The Americal saw combat on Guadalcanal, Bougainville in the Solomons, Leyte in the Philippines and was stationed in Japan from 8 September --> November 3 1945 in the Kanagawa, Yamanashi and Nagano Prefectures near Yokohama, Yokosuka and Tokyo.

The Roberts Commission, whose work had begun on 18 December 1941, concludes its investigation to "ascertain and report the facts relating to the attack made by the Japanese armed forces upon the Territory of Hawaii on December 7, 1941..." The exhibits gathered amount to 2,173 printed pages. 
     Major General Joseph W. Stilwell, in Washington, accepts the China assignment and takes over part of the staff previously selected by Lieutenant General Hugh A. Drum. 
     The USAAF’s Flying Training Command is established under the Chief of Air Corps and given jurisdiction over the Southeast Gulf Coast and West Coast Flying Training Centers which had been established on 8 July 40. 
     The National Broadcasting Company (NBC) begins to televise a series of training programs for air raid wardens in the New York City area, the start of educational television broadcasting in the U.S. 
 

The Douglas XB-19 is transferred to Wright Field, Dayton, Ohio as a safety precaution.
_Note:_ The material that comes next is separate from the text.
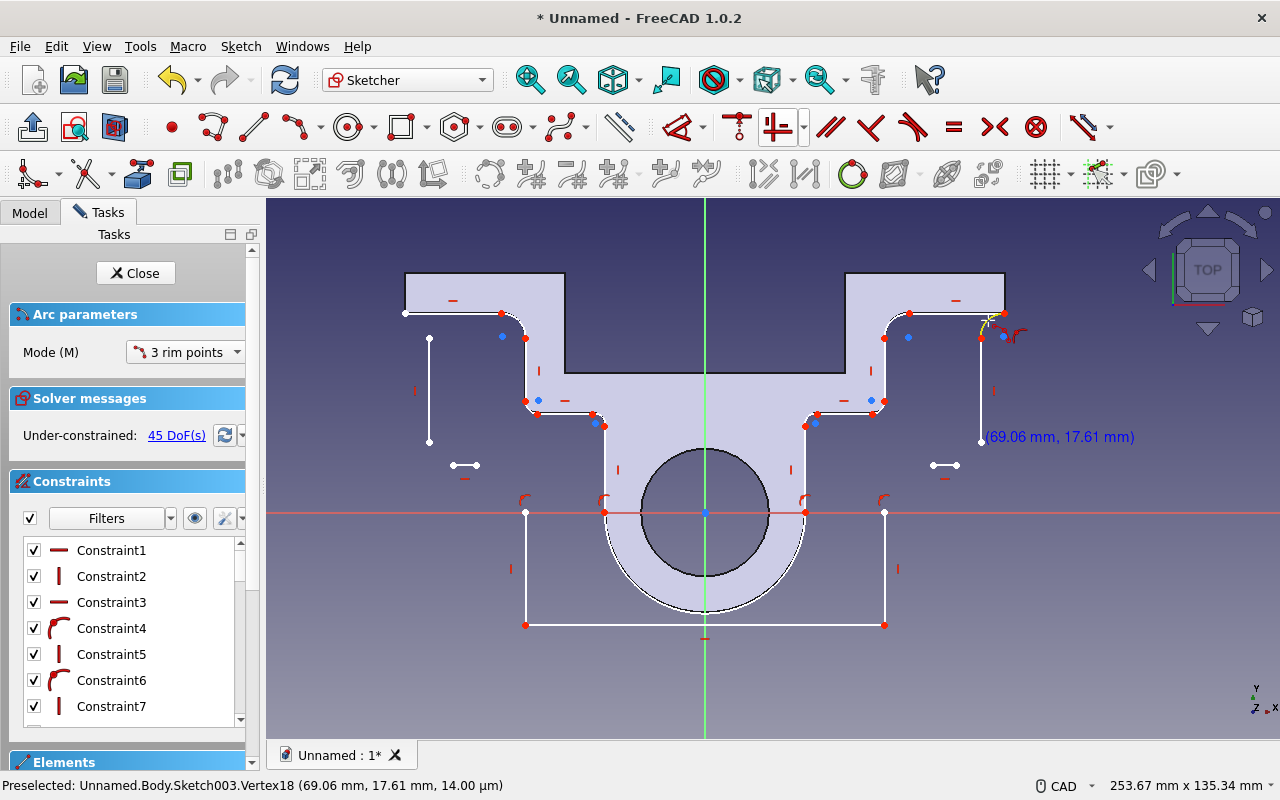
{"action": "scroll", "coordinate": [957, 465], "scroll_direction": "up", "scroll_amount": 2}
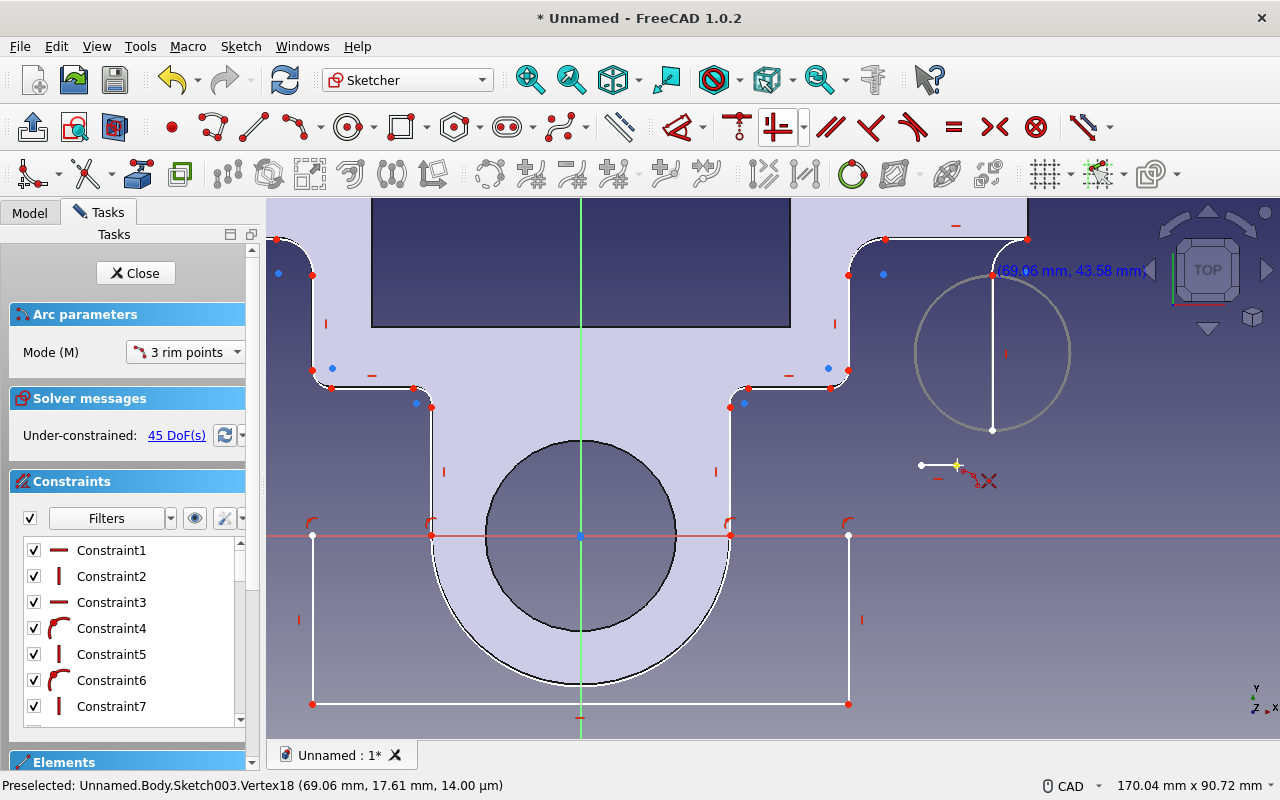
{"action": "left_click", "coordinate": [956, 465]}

Japanese Americans in the military on the mainland are segregated out of their units. (Gene Hanson)

The final Naval Aircraft Factory N3N-3 trainer is delivered to the US Navy.

At 1340, SS Leiesten in Convoy ON-56 was hit by two torpedoes from U-82 about 400 miles ESE of Cape Race. The explosions killed the chief engineer and four men on watch below, as well as injuring several others. The master ordered the second mate to take the injured into a lifeboat, while he himself remained on board with eleven others in an effort to save the ship, but the U-boat appeared and started shelling the vessel. The men jumped overboard and managed to get onto a raft, but the British messboy hesitated too long and was killed on board by the shelling. After 32 hours, all 29 survivors were picked up by the Greek SS Agios Georgios and taken to Halifax on 30 January.

ATLANTIC OCEAN: The unarmed U.S. collier SS Venore is torpedoed and sunk by German submarine U-66 about 20 miles (32 kilometres) southeast of Cape Hatteras, North Carolina, in position 35.50N, 75.20W. 

SS Thirlby sunk by U-109 at 43.20N, 66.15W - Grid BA 9956.